Stomach's Role In Digestion
When food is not moving properly through the stomach and into the intestinal tract, Aajonus recommended physical movement to assist peristalsis. Rolling the stomach like a belly dancer, with shoulders and face on the floor and buttocks elevated on the knees, creates physical movement in the abdominal region that helps food move through the stomach and into the intestines. He taught himself this technique as an autistic child, sitting at the dinner table after meals to move food through so it would not hang up in the stomach.
He also noted that people with slow or dragging peristalsis, who might be worried about eating late at night, could sleep with the head slightly elevated above the buttocks to encourage food to flow downward through the stomach without hanging up.

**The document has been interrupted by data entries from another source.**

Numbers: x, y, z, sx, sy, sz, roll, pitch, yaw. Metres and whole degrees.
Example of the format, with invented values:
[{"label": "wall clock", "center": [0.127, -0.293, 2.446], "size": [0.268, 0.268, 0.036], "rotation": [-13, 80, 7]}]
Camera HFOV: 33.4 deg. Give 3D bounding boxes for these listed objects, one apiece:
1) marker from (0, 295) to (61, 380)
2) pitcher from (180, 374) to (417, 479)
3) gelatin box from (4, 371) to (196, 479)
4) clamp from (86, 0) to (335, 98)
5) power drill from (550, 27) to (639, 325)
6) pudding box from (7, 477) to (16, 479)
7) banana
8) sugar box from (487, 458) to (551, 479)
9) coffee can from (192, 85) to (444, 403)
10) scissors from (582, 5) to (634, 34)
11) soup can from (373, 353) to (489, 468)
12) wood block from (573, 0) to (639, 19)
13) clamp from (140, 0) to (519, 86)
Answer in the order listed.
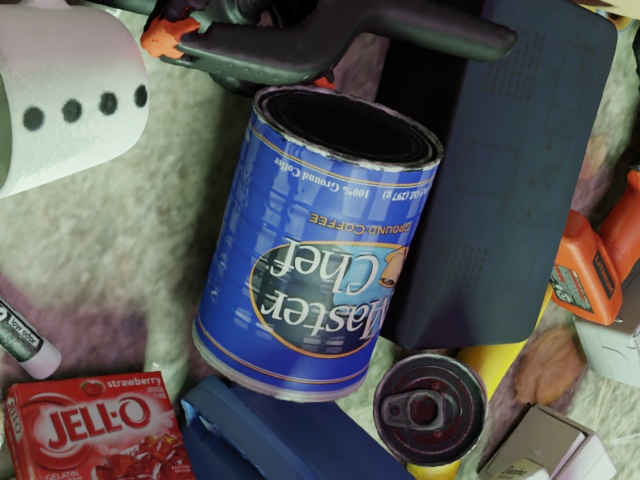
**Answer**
[{"label": "marker", "center": [-0.172, 0.027, 0.527], "size": [0.020, 0.020, 0.121], "rotation": [-47, 128, -15]}, {"label": "pitcher", "center": [0.016, 0.175, 0.574], "size": [0.149, 0.243, 0.145], "rotation": [6, 107, -39]}, {"label": "gelatin box", "center": [-0.116, 0.109, 0.561], "size": [0.089, 0.073, 0.030], "rotation": [1, 144, -38]}, {"label": "clamp", "center": [-0.043, -0.139, 0.556], "size": [0.171, 0.039, 0.120], "rotation": [34, 88, -46]}, {"label": "power drill", "center": [0.230, -0.045, 0.784], "size": [0.187, 0.057, 0.184], "rotation": [-45, 127, -16]}, {"label": "pudding box", "center": [-0.140, 0.172, 0.588], "size": [0.113, 0.039, 0.090], "rotation": [-9, 110, -36]}, {"label": "banana", "center": [0.108, 0.111, 0.763], "size": [0.198, 0.037, 0.069], "rotation": [-64, 155, 1]}, {"label": "sugar box", "center": [0.095, 0.235, 0.738], "size": [0.176, 0.048, 0.093], "rotation": [-28, 93, -11]}, {"label": "coffee can", "center": [-0.004, 0.001, 0.572], "size": [0.102, 0.103, 0.140], "rotation": [-3, 121, -37]}, {"label": "scissors", "center": [0.200, -0.225, 0.726], "size": [0.096, 0.016, 0.202], "rotation": [5, 103, -40]}, {"label": "soup can", "center": [0.073, 0.106, 0.681], "size": [0.068, 0.068, 0.102], "rotation": [-64, 168, -1]}, {"label": "wood block", "center": [0.220, -0.185, 0.665], "size": [0.205, 0.091, 0.090], "rotation": [10, 99, -18]}, {"label": "clamp", "center": [-0.001, -0.145, 0.531], "size": [0.209, 0.036, 0.164], "rotation": [-23, 94, -32]}]

What the Stomach Cannot Do
The stomach cannot break down cellulose. Hydrochloric acid has no affinity for vegetable fiber, vegetable protein, or the proteins in cellulose. This is why vegetables must be cooked to be accessible at all to the human digestive system, and even then humans absorb only about twenty-three percent of the nutrients from cooked vegetables, all of it damaged by heat. Raw vegetables yield only about two percent absorption because the stomach has no tools for them. The stomach also cannot break down the oils in vegetables and plants effectively with its bile. The duodenal bile is designed for animal fats and handles them perfectly. Vegetable oils are not fractionated well by human bile.
The stomach does not digest cheese when cheese is used therapeutically, meaning the pancreas leaves cheese alone as it passes through. The magnetism of cheese is great enough that it draws poisons out of blood, the neurological system, and lymph as those fluids move through all of the digestive system toward the pancreas, and the cheese locks onto those poisons like a sponge and passes them out without digestion.